N° 239
du 20/11/2001

Centrafrique


Le parti présidentiel en pleine crise

La crise politico-militaire a exacerbé les tensions déjà anciennes au sein du Mouvement de libération du peuple centrafricain (MLPC), le parti du président Ange-Félix Patassé.
Soudé dans la lutte contre le régime militaire d'André Kolingba (1981-93), le MLPC a vu son unité s'éroder au fil des années de pouvoir.
Signe de défiance, le président Patassé a dissous en octobre la coordination des cadres de son parti, qui militait pour la convocation d'un congrès du MLPC.
L'arrestation du député (MLPC) Serge Wafio, Premier vice-président de l'Assemblée nationale, a crevé un abcès qui mûrissait depuis la reconduction de l'ancien Premier ministre Anicet-Georges Dologuélé, après la réélection de M. Patassé en octobre 1999. Aujourd'hui soupçonné de collusion avec le général François Bozize, le député Wafio était un des animateurs de la contestation au sein du parti.
En 1999, toute une frange du MLPC avait ouvertement critiqué la reconduction à la Primature de M. Dologuélé, un économiste issu de la société civile. Son équipe gouvernementale ne faisait, selon ses détracteurs, pas la part assez belle aux compagnons de route historiques du président. Le député Wafio, originaire de l'Ouham (nord-ouest) et membre de l'influente ethnie Gbaya, comme le général Bozize, n'a jamais caché dès cette époque ses ambitions de Premier-ministrable.
Et, lorsque M. Dologuélé a été remercié fin mars 2001, après avoir essuyé une grève-marathon des fonctionnaires et la guerre d'usure de l'aile dure du parti, Serge Wafio, l'élu de Bossangoa, était encore sur les rangs pour le remplacer.
Mais le 1er avril, c'est sur Martin Ziguélé, l'actuel Premier ministre, que s'était porté le choix du président Patassé, tandis que la direction du MLPC manifestait sa préférence pour Eric Sorongopé, l'actuel ministre des Finances.

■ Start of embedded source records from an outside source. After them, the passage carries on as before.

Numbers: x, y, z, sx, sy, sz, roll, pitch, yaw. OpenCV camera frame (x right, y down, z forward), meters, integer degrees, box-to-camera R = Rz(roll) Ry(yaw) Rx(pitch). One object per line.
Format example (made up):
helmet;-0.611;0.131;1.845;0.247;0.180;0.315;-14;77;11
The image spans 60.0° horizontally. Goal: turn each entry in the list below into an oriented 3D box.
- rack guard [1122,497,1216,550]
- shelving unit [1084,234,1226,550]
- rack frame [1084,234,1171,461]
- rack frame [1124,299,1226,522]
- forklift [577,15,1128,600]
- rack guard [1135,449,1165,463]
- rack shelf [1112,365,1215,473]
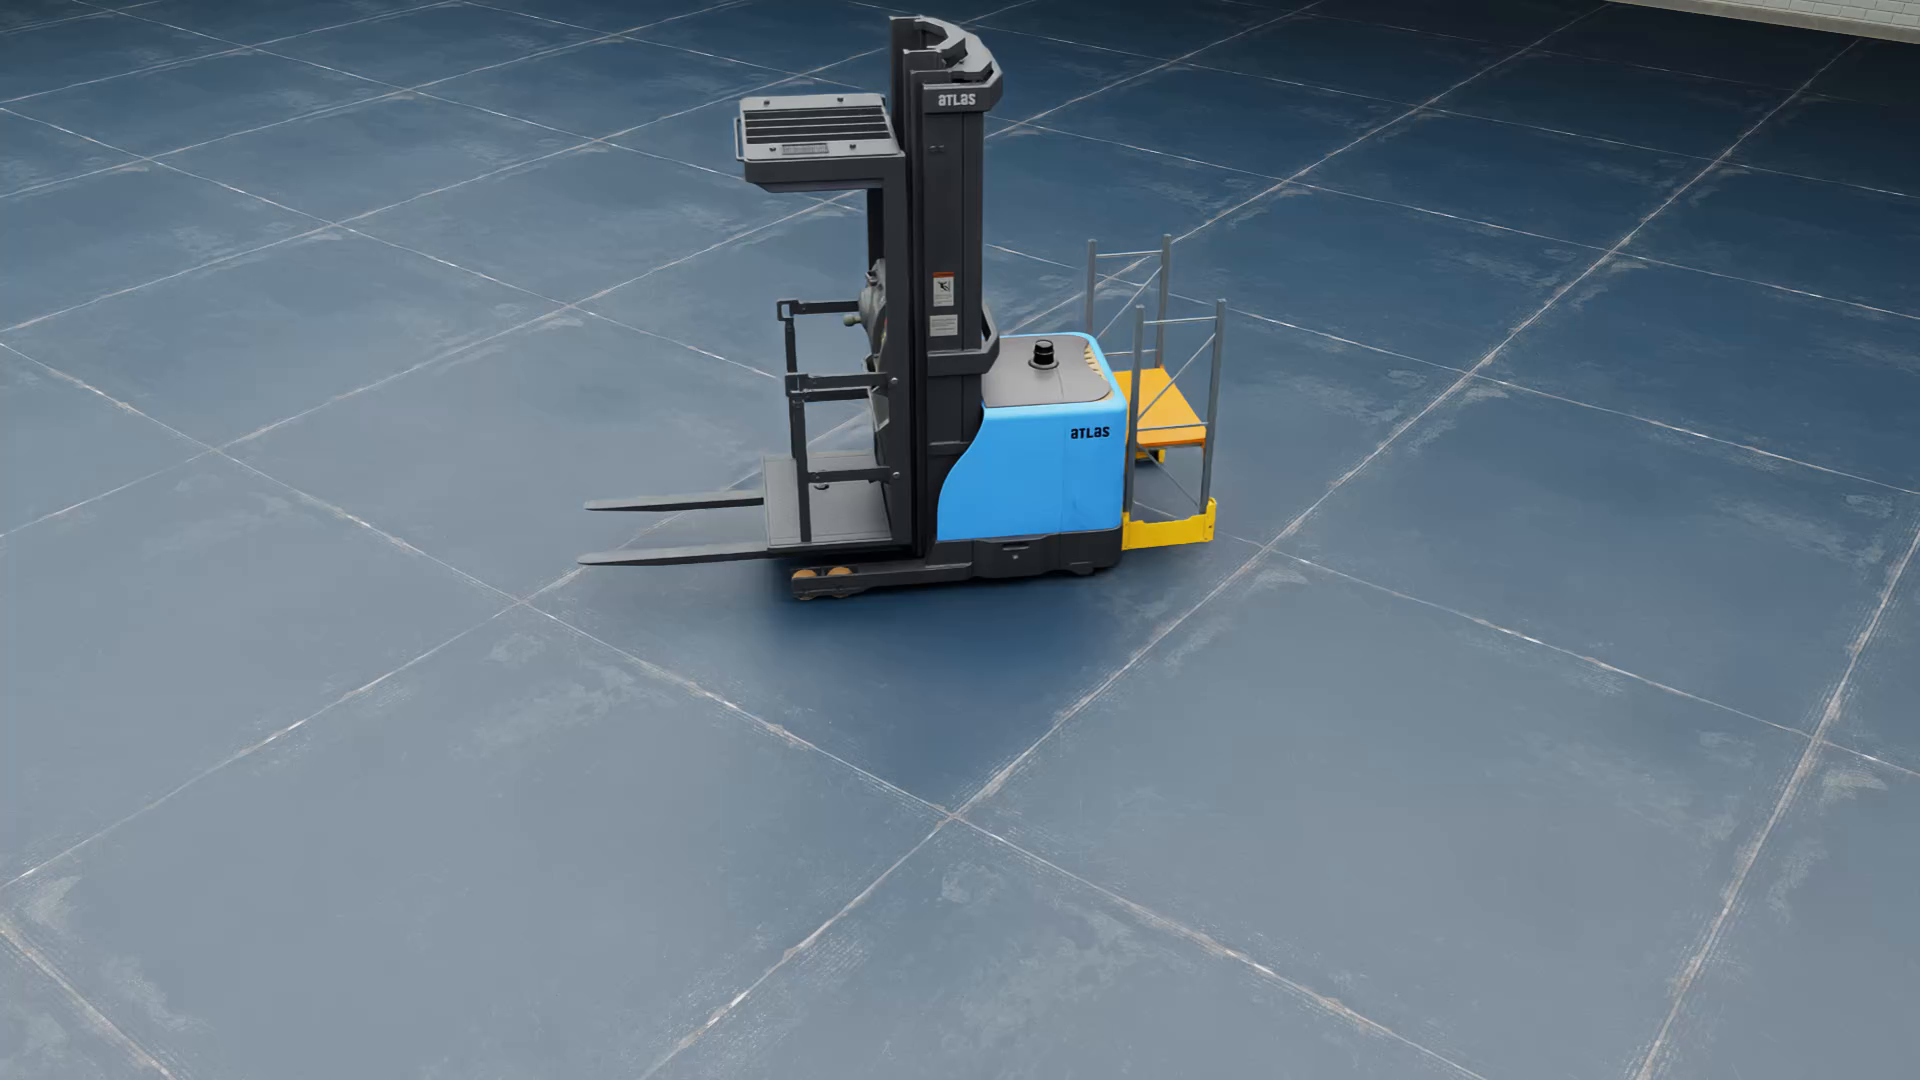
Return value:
rack guard;1.191;-0.094;9.664;0.587;0.250;0.087;-5;31;-9
shelving unit;1.099;-0.882;9.766;0.587;1.500;1.083;-5;31;-9
rack frame;1.003;-1.141;10.204;0.500;1.500;0.032;-5;31;-9
rack frame;1.191;-0.631;9.344;0.500;1.500;0.032;-5;31;-9
forklift;-0.641;-1.217;8.928;3.031;2.935;1.130;-4;31;-7
rack guard;1.007;-0.593;10.506;0.587;0.250;0.087;-5;31;-9
rack shelf;1.097;-0.731;9.866;0.538;0.185;1.000;-5;31;-9

L'hostilité du député Wafio envers M. Dologuélé a aussi envenimé sa relation avec le président de l'Assemblée nationale, Luc Apollinaire Dondon-Konamabaye, parrain politique de l'ancien Premier ministre et "cacique" écouté du parti.

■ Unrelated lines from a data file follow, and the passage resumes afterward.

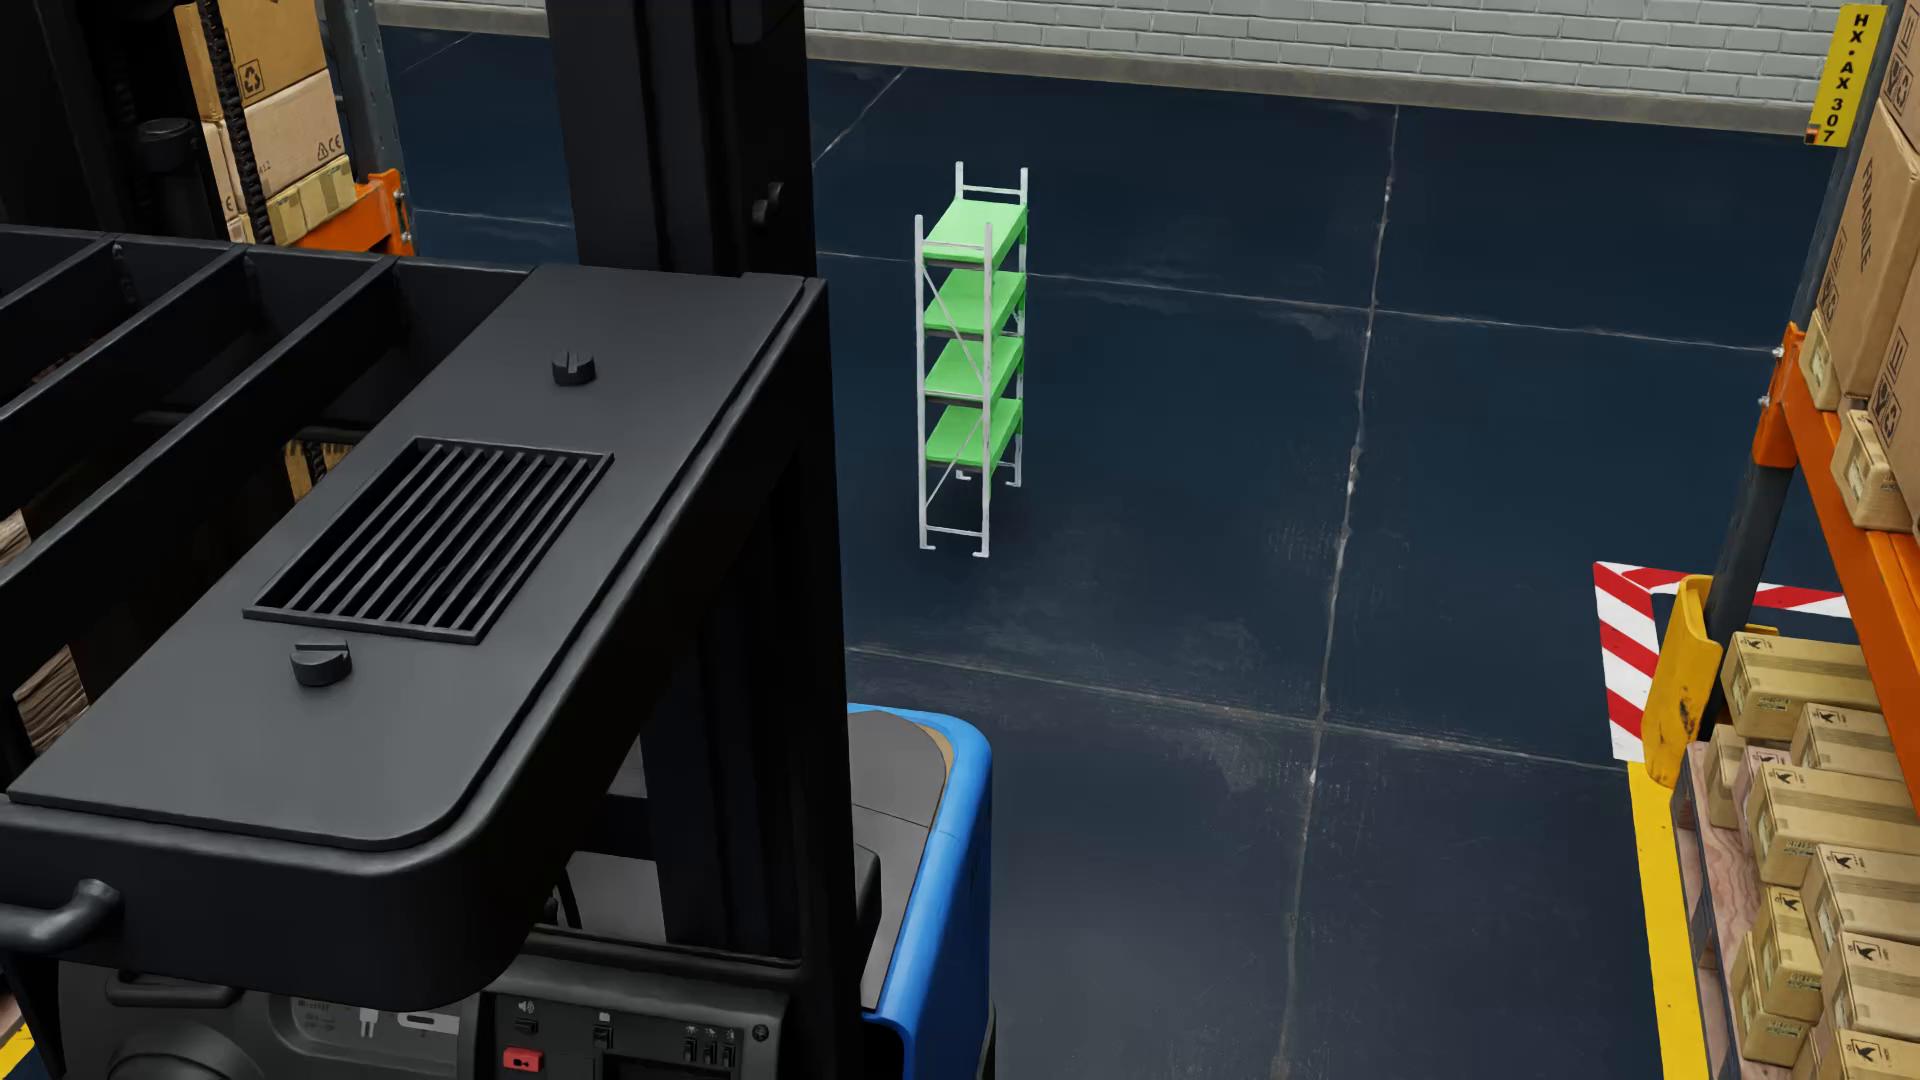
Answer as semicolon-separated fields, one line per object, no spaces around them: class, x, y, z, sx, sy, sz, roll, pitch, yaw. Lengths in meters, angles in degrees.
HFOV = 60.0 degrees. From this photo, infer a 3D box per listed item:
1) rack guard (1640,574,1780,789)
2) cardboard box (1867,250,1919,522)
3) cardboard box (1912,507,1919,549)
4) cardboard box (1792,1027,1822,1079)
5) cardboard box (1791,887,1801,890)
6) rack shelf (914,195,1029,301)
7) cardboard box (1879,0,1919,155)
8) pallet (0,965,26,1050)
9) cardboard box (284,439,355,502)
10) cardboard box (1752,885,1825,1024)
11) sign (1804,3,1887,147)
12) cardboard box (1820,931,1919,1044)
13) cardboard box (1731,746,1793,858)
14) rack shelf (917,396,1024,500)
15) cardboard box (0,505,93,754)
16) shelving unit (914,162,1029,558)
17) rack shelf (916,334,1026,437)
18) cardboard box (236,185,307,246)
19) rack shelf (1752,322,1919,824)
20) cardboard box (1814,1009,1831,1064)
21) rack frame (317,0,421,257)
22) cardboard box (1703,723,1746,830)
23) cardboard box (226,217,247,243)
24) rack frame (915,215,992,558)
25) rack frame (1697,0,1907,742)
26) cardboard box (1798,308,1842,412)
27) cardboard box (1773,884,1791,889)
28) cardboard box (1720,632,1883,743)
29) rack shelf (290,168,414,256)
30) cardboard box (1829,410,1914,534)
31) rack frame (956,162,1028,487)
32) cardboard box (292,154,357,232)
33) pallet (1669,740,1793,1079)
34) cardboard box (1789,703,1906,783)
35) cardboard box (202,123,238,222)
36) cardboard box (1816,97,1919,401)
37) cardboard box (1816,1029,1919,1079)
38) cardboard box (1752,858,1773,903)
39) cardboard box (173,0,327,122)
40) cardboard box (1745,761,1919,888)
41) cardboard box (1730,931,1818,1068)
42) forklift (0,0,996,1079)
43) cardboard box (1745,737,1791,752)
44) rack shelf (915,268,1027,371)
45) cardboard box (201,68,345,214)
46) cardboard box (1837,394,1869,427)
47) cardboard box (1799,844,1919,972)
rack guard;2.542;0.468;4.547;1.175;0.500;0.348;8;33;12
cardboard box;2.069;-0.317;3.083;0.500;0.500;0.500;8;33;12
cardboard box;1.933;-0.065;2.685;0.500;0.500;0.500;8;33;13
cardboard box;1.932;1.168;3.383;0.380;0.149;0.250;8;33;12
cardboard box;2.080;0.785;3.708;0.380;0.149;0.250;8;33;13
rack shelf;0.042;-0.943;5.340;0.258;0.148;0.480;8;33;12
cardboard box;2.191;-1.019;3.254;0.500;0.500;0.500;8;33;12
pallet;-2.649;0.880;4.170;1.003;0.211;1.213;8;33;12
cardboard box;-2.295;-0.291;5.001;0.875;0.875;0.875;8;33;12
cardboard box;1.910;0.903;3.522;0.380;0.149;0.250;9;34;14
sign;2.037;-1.065;3.823;0.100;0.325;0.005;8;33;12
cardboard box;1.896;0.930;3.203;0.380;0.149;0.250;9;34;14
cardboard box;2.056;0.646;3.927;0.380;0.149;0.250;8;33;12
rack shelf;0.042;-0.336;5.726;0.258;0.148;0.480;8;33;12
cardboard box;-2.526;0.181;4.259;0.875;0.875;0.875;8;33;12
shelving unit;0.042;-0.592;5.563;0.258;1.200;0.503;8;33;12
rack shelf;0.042;-0.538;5.598;0.258;0.148;0.480;8;33;12
cardboard box;-2.047;-0.883;4.577;0.380;0.149;0.250;8;33;13
rack shelf;2.054;0.715;2.499;1.077;0.370;4.000;8;33;12
cardboard box;1.934;1.054;3.285;0.380;0.149;0.250;6;33;10
rack frame;-2.210;-1.354;5.084;1.000;3.000;0.127;8;33;12
cardboard box;2.119;0.628;4.232;0.380;0.149;0.250;9;33;13
cardboard box;-2.112;-0.752;4.372;0.380;0.149;0.250;8;33;12
rack frame;-0.020;-0.466;5.364;0.240;1.200;0.015;8;33;12
rack frame;2.562;-0.626;3.939;1.000;3.000;0.127;8;33;12
cardboard box;2.162;-0.397;3.812;0.380;0.149;0.250;8;33;12
cardboard box;2.075;0.905;3.797;0.380;0.149;0.250;8;33;13
cardboard box;2.100;0.374;4.076;0.380;0.149;0.250;7;33;10
rack shelf;-2.718;-0.012;3.644;1.077;0.370;4.000;8;33;12
cardboard box;2.018;-0.127;3.387;0.380;0.149;0.250;7;33;11
rack frame;0.104;-0.719;5.762;0.240;1.200;0.015;8;33;12
cardboard box;-1.982;-1.018;4.790;0.380;0.149;0.250;9;33;13
pallet;2.302;1.007;3.969;1.003;0.211;1.213;8;33;12
cardboard box;2.146;0.534;3.826;0.380;0.149;0.250;9;33;13
cardboard box;-2.206;-0.865;4.178;0.500;0.250;0.500;7;33;12
cardboard box;2.180;-0.598;3.525;0.500;0.500;0.500;10;34;15
cardboard box;1.785;1.060;2.998;0.380;0.149;0.250;9;33;13
cardboard box;2.132;0.775;4.001;0.380;0.149;0.250;8;33;12
cardboard box;-2.080;-1.444;4.389;0.500;0.500;0.500;8;33;13
cardboard box;1.959;0.647;3.647;0.380;0.149;0.250;8;33;12
cardboard box;1.905;1.023;3.611;0.380;0.149;0.250;8;33;13
forklift;-0.706;0.740;1.855;1.130;2.935;3.031;6;33;9
cardboard box;2.180;0.511;4.138;0.380;0.149;0.250;9;34;14
rack shelf;0.042;-0.741;5.469;0.258;0.148;0.480;8;33;12
cardboard box;-2.077;-1.128;4.592;0.500;0.250;0.500;7;33;12
cardboard box;2.138;-0.259;3.595;0.380;0.149;0.250;9;34;14
cardboard box;1.976;0.787;3.427;0.380;0.149;0.250;6;33;10

Parent du président Patassé, Dondon-Konamabaye avait averti à l'Assemblée que le MLPC pouvait receler en son sein des complices du coup d'Etat avorté du 28 mai, attribué à l'ancien président André Kolingba.
"L'affaire Bozize" et l'arrestation de Serge Wafio ont depuis nourri les soupçons sur une fronde des Gbayas de l'Ouham, région natale très peuplée de la défunte Lucienne Patassé, première épouse du président. Certains cadres Gbaya s'estimeraient sous-représentés dans les hautes sphères de l'Etat au regard de leur poids électoral lors des présidentielles de 1993 et 1999.
Serge Wafio a ainsi créé, en marge du parti, un Cercle de réflexion et d'action pour la démocratie (CRAD), une structure informelle réunissant en majorité des députés MLPC Gbaya de l'Ouham. La présidence voyait d'un mauvais oeil ce club à tonalité tribale, susceptible de se transformer un jour en force politique.
Des témoignages d'habitants affirmant avoir vu le député Wafio distribuer des armes aux partisans du général Bozize dans son quartier de Boy-Rabé, ont précipité la chute du député insoumis. Mais ce faisant, le président Patassé a pris le risque de voir se réduire encore davantage son assise natioale.